= Task brief =
Copy out precisely the line that holds "Labeling task: place" and all the lines following it in the data, up to and including the last one, and no others.

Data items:
"""

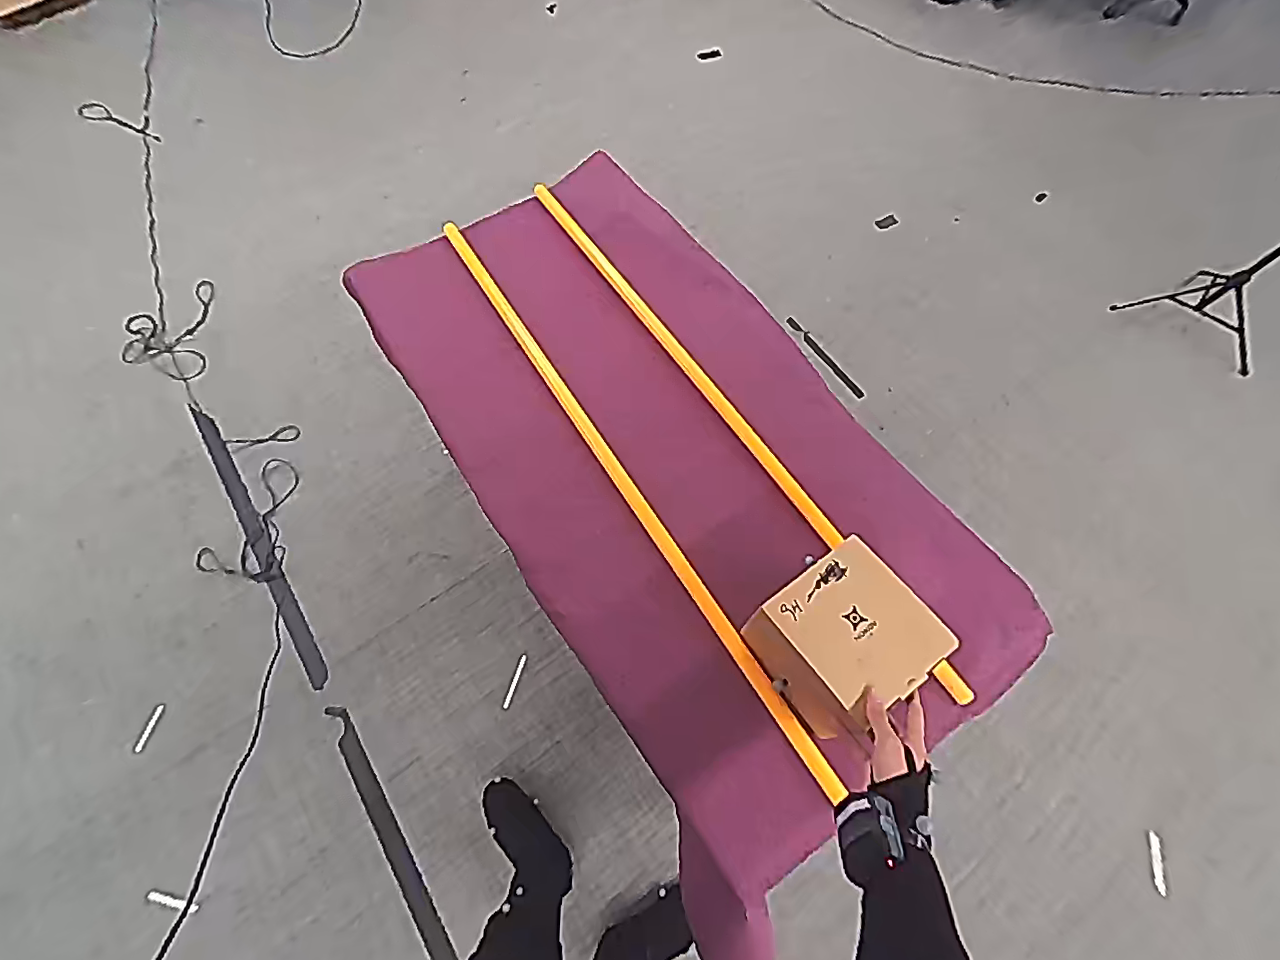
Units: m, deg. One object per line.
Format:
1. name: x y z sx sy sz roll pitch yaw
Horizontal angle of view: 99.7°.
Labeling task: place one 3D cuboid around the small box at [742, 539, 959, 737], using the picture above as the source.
1. small box: 0.261 0.212 0.716 0.168 0.176 0.179 -32 68 -16

"""

= Solution to this task =
Labeling task: place one 3D cuboid around the small box at [742, 539, 959, 737], using the picture above as the source.
1. small box: 0.261 0.212 0.716 0.168 0.176 0.179 -32 68 -16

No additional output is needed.